=== Work task ===
All lines in the records below with the word "Metres" must be returned.
======== Exercise input
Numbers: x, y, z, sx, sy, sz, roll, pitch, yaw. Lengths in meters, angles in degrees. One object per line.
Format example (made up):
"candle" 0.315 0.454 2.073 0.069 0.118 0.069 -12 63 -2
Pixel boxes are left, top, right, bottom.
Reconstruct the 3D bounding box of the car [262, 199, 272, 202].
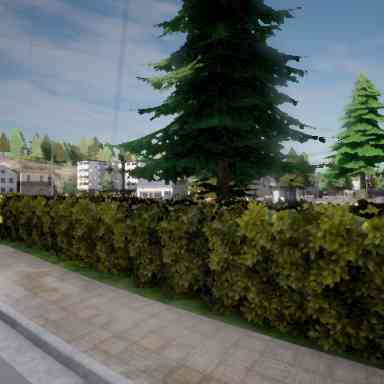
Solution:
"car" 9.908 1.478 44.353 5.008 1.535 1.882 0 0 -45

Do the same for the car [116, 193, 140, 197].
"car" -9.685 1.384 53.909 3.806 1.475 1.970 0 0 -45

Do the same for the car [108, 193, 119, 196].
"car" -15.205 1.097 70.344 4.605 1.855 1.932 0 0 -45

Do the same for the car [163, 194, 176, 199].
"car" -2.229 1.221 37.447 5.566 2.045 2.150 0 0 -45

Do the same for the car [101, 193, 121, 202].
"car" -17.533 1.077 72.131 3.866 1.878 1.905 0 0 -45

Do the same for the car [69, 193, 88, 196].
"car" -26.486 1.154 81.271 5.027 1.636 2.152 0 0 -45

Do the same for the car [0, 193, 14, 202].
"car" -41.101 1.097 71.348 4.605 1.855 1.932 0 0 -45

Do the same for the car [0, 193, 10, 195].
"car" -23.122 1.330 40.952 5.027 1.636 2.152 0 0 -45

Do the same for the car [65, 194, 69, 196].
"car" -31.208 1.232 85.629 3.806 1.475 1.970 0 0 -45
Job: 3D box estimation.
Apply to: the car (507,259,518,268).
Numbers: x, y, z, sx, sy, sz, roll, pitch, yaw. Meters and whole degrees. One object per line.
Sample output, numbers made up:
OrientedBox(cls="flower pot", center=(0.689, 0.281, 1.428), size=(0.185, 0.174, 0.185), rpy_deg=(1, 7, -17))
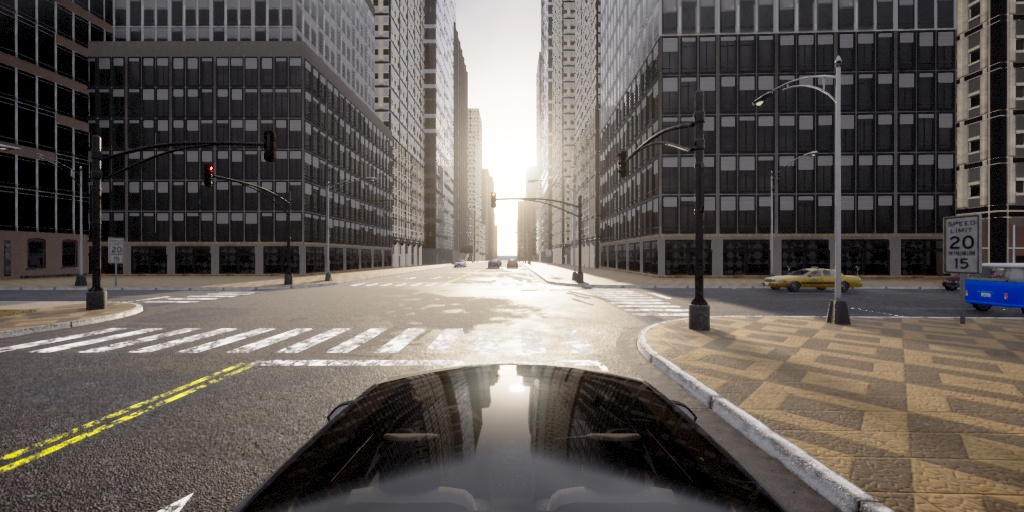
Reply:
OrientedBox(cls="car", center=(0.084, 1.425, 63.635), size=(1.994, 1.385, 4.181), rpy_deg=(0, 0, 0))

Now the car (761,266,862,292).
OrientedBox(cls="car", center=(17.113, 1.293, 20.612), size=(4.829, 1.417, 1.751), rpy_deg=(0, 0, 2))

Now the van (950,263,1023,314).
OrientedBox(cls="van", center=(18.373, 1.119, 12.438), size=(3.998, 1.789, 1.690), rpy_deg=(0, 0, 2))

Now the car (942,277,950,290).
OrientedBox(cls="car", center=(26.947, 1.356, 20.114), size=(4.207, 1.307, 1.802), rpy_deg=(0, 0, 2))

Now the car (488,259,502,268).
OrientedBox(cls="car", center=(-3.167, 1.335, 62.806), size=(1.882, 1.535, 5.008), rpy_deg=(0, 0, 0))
================
======== Exercise input
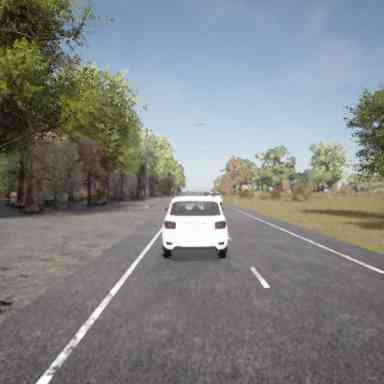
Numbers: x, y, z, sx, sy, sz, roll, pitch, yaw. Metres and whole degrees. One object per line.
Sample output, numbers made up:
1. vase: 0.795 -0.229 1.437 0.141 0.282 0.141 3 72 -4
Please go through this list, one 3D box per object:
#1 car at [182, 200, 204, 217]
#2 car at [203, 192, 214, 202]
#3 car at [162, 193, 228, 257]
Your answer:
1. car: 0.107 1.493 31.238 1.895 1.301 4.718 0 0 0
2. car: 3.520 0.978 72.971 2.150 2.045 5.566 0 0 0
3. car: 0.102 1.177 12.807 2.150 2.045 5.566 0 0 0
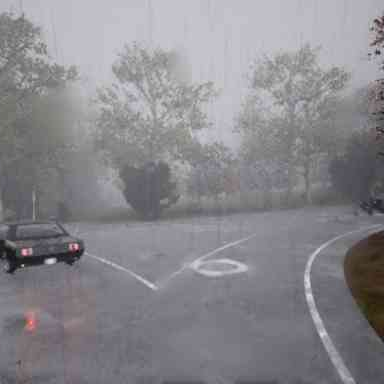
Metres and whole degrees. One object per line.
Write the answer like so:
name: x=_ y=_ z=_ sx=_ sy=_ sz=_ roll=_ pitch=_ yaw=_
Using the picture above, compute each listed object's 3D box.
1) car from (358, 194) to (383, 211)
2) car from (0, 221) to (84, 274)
================
======== Exercise input
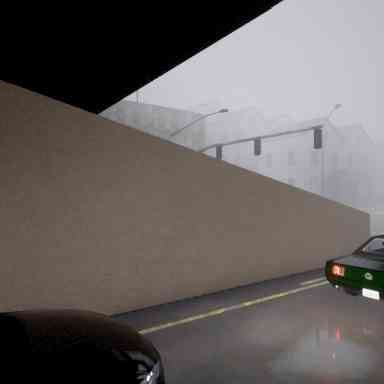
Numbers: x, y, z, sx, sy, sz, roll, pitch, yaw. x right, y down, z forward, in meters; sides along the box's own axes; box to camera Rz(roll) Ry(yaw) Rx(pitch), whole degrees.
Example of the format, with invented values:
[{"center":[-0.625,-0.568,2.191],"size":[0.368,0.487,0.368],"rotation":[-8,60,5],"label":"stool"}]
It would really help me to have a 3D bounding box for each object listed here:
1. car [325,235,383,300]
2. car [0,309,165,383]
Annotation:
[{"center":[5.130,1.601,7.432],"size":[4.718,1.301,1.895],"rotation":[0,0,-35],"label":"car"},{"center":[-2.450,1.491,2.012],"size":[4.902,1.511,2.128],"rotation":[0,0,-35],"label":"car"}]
================
=== Solved problem ===
Numbers: x, y, z, sx, sy, sz, roll, pitch, yaw. Metres and whole degrees. One object per line.
Metres and whole degrees. One object per line.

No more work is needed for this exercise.